*Records shown*
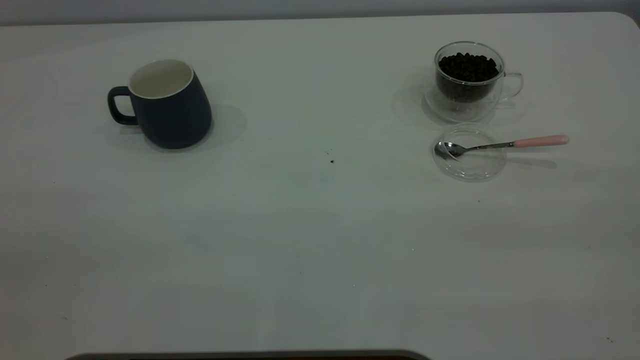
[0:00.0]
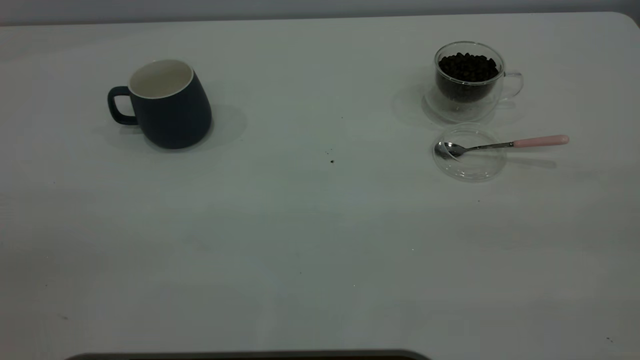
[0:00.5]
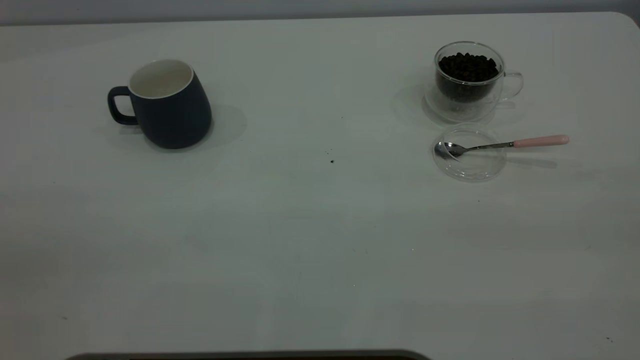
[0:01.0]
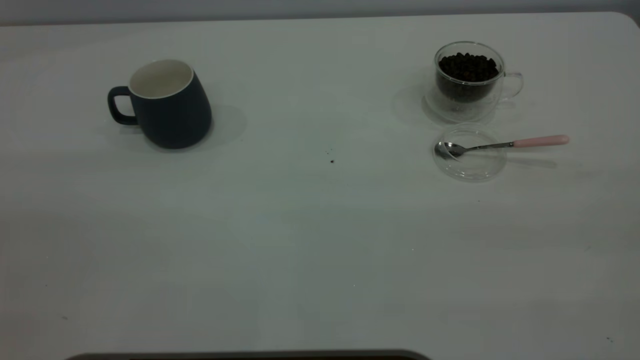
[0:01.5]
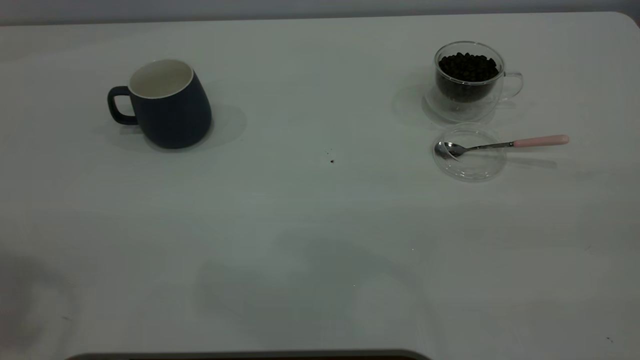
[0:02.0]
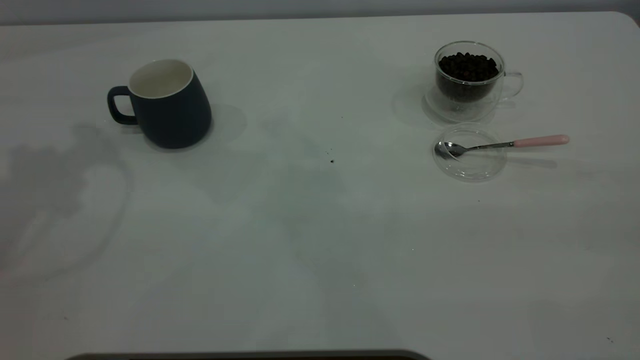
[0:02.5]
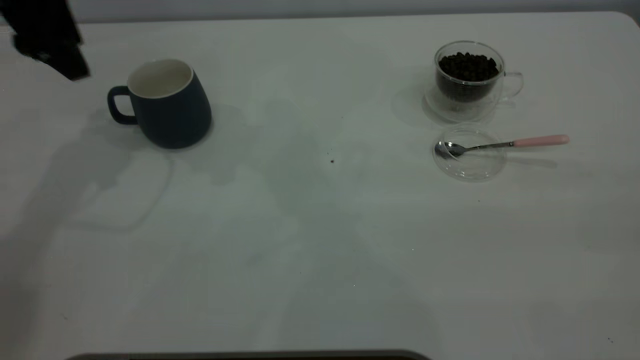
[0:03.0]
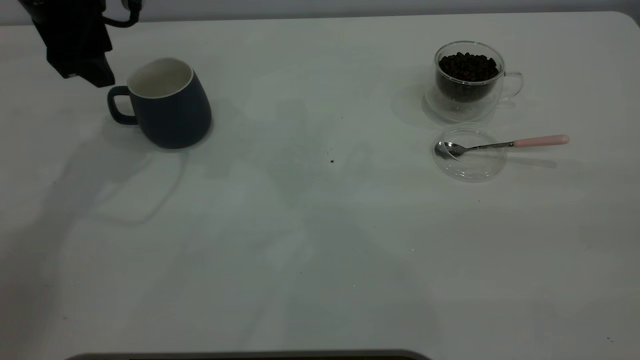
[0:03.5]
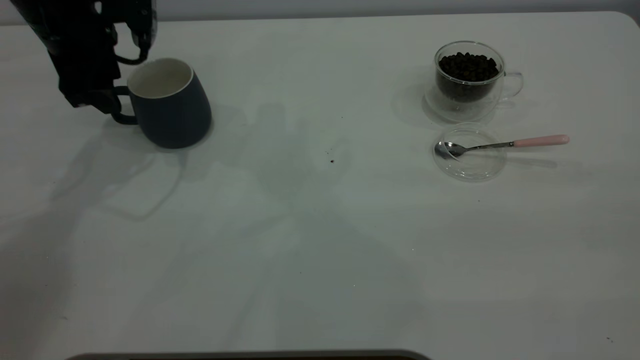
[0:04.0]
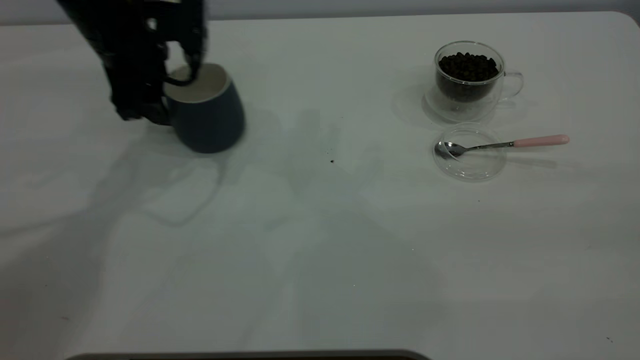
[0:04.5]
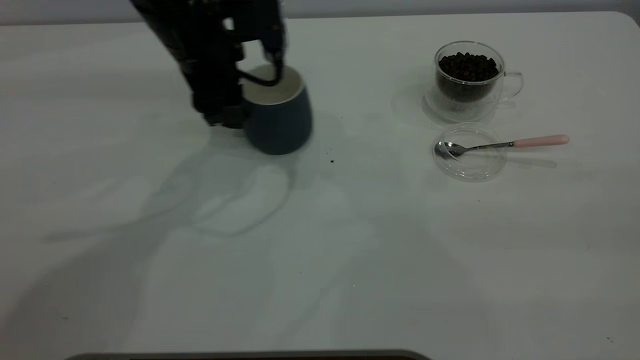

*What you are asked to do*
Every entry above needs to be duplicated precisely, and none of the pictures should appear.

*Solution*
[0:00.0]
[0:00.5]
[0:01.0]
[0:01.5]
[0:02.0]
[0:02.5]
[0:03.0]
[0:03.5]
[0:04.0]
[0:04.5]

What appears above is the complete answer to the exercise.